PANDEMİ, GELİR FARKINI GENİŞLETTİ
COVID-19 salgını ve ekonomik sonuçları, işverenler ile çalışanlar arasındaki gelir farkını daha da genişletti. 2020 ile 2022 yılları arasında, en büyük 500 sanayi firmasında üretkenlik yılda ortalama %13,4 arttı, ancak işçilerin gerçek ücretleri %5,5 düştü. Benzer bir eğilim, üretkenliğin %5,8 arttığı ancak çalışanların ücretlerinin %6 düştüğü ikinci 500 firmada da gözlemlendi.
Bu dönemde ayrıca şirket kârları rekor seviyelere ulaştı. En büyük 500 sanayi şirketinde kâr marjları 2019'da %11,3'ten 2021'de %17,5'e yükseldi. Bulgular, şirketlerin verimliliği ve kârları artırırken, çalışanların artan enflasyon ve ekonomik belirsizlik ortamında azalan gerçek gelirlerle karşı karşıya kalmasıyla pandeminin mevcut eşitsizlikleri daha da kötüleştirdiğini gösteriyor.
TÜRKİYE'DEKİ EKONOMİK POLİTİKALAR İŞÇİLERİ NASIL ETKİLİYOR?
Türkiye'nin "Türkiye Modeli" olarak adlandırılan ekonomik stratejisi, önemli faiz oranı kesintileri ve büyümeyi teşvik etme girişimiyle işaretlenen 2021'de tanıtıldı. Ancak, bu yaklaşım yüksek enflasyona ve yoğun gelir eşitsizliklerine katkıda bulundu. 2022'ye gelindiğinde, Türkiye'nin Gayri Safi Yurtiçi Hasılasındaki (GSYİH) ücretlerin payı, kayıtlı tarihin en düşük seviyesi olan %24'e düşerken, sermayenin payı benzeri görülmemiş bir şekilde %67'ye yükseldi.
Benzer şekilde, Türkiye'nin en büyük sanayi şirketlerinin verileri gelir dağılımında çarpıcı bir tezat ortaya koyuyor. İlk 500 sanayi şirketinde, emeğin katma değerdeki payı 1982'den bu yana en düşük seviye olan %26,9'a düştü ve bu, şirket kârlarının işçi ücretleri pahasına artmaya devam ettiği endişe verici bir eğilime işaret ediyor.
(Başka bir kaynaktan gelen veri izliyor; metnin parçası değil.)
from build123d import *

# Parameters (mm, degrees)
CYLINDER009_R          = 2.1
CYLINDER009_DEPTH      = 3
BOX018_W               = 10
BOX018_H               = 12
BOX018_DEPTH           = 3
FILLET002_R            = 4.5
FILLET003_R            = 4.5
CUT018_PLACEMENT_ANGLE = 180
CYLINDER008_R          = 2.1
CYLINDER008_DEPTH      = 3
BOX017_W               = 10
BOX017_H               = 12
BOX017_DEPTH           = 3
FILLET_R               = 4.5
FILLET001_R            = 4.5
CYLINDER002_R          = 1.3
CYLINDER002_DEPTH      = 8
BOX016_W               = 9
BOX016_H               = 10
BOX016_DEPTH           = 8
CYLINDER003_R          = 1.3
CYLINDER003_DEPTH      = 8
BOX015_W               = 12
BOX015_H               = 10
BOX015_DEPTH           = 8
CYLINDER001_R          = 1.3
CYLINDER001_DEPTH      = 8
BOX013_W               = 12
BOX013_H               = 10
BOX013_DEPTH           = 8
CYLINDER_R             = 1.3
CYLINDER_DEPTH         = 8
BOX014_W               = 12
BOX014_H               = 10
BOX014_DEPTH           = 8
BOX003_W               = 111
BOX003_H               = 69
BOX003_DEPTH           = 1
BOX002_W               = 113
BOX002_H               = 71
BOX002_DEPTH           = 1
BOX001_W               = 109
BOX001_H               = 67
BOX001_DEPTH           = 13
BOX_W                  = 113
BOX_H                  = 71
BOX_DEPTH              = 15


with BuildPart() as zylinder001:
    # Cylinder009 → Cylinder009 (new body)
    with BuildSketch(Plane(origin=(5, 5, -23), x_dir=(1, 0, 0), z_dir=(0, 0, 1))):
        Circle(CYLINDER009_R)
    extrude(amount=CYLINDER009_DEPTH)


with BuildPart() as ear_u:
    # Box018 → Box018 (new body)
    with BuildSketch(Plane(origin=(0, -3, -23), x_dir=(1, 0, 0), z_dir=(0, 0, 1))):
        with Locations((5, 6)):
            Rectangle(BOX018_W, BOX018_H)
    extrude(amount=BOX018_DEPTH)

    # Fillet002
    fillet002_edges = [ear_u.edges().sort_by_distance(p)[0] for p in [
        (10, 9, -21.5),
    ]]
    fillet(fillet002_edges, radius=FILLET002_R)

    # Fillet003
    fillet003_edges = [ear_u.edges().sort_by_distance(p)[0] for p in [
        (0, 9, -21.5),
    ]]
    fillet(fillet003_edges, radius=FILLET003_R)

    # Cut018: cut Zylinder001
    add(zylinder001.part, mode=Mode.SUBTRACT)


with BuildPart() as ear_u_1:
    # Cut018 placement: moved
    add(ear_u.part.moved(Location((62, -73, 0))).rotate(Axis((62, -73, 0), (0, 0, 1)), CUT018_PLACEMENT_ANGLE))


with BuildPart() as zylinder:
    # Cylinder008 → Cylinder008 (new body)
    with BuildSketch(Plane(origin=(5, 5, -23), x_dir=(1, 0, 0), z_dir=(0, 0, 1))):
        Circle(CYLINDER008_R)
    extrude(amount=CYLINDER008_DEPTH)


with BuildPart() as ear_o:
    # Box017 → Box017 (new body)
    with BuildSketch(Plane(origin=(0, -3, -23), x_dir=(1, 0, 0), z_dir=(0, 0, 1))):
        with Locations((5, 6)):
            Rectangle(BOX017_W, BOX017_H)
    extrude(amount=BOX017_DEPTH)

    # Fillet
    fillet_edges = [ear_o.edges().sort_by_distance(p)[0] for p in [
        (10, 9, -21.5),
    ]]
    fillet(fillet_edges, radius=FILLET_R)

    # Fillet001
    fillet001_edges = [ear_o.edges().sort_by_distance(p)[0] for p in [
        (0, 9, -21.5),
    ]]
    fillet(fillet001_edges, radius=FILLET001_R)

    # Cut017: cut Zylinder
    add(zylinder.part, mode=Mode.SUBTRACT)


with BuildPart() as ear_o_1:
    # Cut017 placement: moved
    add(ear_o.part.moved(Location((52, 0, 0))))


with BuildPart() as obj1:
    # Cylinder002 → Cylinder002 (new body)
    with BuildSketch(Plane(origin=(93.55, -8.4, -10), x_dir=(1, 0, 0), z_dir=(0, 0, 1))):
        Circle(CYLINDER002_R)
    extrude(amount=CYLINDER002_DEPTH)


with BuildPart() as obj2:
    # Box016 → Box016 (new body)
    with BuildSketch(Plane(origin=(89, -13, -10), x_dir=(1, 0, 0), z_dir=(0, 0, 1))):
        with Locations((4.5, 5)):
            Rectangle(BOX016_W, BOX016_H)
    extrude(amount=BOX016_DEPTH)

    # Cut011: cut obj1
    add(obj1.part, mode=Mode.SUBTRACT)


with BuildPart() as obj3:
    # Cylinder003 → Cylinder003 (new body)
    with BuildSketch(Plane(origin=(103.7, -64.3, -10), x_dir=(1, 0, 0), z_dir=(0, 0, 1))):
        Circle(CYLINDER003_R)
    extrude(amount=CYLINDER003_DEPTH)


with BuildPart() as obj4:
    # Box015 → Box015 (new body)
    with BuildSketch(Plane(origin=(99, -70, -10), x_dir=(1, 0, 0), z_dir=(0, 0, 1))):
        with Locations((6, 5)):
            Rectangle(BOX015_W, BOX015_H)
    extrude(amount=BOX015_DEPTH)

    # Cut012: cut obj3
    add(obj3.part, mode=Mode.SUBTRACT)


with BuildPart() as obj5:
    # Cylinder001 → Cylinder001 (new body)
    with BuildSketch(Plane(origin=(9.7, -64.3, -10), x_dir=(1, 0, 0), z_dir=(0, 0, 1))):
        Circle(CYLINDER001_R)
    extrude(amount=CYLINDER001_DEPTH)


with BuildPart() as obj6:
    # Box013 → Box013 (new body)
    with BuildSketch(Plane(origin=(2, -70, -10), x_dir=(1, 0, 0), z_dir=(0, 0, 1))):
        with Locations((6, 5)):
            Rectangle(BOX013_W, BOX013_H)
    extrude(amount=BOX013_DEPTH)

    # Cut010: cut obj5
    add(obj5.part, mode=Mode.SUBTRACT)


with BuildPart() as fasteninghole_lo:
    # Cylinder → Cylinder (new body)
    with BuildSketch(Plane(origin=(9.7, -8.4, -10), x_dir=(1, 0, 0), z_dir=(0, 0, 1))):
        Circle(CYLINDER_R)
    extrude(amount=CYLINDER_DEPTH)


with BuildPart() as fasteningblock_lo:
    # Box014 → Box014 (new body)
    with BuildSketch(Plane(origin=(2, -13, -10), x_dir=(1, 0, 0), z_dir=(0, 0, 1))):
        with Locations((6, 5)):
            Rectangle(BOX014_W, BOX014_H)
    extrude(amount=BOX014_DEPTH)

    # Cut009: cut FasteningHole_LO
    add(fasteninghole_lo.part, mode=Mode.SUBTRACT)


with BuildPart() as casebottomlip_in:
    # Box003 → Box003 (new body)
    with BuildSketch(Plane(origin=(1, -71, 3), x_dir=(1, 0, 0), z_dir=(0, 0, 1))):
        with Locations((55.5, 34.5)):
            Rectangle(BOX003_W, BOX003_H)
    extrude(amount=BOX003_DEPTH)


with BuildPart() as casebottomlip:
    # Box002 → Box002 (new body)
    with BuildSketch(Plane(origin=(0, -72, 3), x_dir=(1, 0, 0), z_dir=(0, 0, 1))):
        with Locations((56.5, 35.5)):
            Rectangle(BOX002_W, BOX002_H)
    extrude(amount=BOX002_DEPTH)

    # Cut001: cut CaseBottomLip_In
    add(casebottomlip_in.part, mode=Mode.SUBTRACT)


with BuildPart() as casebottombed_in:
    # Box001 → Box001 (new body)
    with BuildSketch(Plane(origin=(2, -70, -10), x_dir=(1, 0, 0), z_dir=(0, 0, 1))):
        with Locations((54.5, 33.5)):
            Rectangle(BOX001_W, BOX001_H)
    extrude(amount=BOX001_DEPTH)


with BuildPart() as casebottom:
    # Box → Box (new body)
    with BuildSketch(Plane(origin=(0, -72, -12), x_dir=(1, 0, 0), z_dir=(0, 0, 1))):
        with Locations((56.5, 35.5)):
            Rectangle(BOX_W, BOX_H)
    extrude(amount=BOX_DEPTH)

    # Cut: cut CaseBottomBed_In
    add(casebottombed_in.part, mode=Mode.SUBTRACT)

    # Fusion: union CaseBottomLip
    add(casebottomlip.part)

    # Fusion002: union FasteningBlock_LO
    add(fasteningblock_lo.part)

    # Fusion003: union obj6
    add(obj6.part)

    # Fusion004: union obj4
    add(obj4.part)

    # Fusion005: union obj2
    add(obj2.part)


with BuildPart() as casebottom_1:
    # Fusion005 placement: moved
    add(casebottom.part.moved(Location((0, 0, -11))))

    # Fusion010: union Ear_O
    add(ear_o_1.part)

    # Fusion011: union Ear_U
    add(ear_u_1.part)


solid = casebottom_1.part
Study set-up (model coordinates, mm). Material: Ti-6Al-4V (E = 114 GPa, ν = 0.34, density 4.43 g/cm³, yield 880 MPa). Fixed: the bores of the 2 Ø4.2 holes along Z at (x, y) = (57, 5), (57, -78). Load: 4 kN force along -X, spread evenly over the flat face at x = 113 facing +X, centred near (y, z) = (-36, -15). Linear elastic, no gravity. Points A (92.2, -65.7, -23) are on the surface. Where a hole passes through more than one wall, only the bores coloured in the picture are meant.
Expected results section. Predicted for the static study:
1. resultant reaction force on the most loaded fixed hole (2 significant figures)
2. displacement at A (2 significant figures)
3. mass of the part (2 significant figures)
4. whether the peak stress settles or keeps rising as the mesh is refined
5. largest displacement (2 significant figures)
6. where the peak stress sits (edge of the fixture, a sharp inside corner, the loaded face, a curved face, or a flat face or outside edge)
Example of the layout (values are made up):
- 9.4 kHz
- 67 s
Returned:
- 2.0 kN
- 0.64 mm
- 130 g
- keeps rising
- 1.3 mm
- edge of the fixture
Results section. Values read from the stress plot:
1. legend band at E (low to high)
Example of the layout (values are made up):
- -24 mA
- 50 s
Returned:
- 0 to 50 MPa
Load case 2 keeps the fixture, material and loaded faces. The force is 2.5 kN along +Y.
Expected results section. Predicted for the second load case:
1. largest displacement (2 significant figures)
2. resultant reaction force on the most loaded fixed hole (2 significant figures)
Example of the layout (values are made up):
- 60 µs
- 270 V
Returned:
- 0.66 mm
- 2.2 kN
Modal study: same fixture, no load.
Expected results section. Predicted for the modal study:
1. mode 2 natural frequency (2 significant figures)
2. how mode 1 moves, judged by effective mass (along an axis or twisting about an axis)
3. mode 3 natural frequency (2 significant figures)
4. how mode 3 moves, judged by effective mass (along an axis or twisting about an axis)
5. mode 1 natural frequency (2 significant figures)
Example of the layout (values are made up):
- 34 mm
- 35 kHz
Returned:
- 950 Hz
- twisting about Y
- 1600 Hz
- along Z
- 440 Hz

ASGARİ ÜCRET GİTTİKÇE DÜŞÜYOR
Çalışmanın bir diğer önemli bulgusu, ortalama ücretlerin asgari ücret seviyelerine doğru kademeli olarak yakınsamasıdır. 2001 yılında, Türkiye'nin en büyük 500 sanayi firmasındaki ortalama maaş asgari ücretin 5,2 katıydı. 2016 yılına gelindiğinde bu rakam 2,7 katına düştü. İkinci kademe 500 firmasında da benzer bir örüntü ortaya çıktı; ortalama ücretler 2001'de asgari ücretin 3,2 katından 2016'da asgari ücretin sadece iki katına düştü.
Genellikle "asgari ücret sıkışması" olarak adlandırılan bu olgu, ekonomistler tarafından geniş çapta tartışılmıştır. Nazım Tamkoç, Orhan Torul, Aziz Çelik ve Aykut Kibritçioğlu gibi uzmanlar, bu sorunu kötüleşen emek koşullarının temel bir göstergesi olarak vurgulamış ve ücretler giderek daha fazla sıkıştırıldıkça orta sınıfın iş istikrarının ve satın alma gücünün risk altında olabileceği konusunda uyarmışlardır.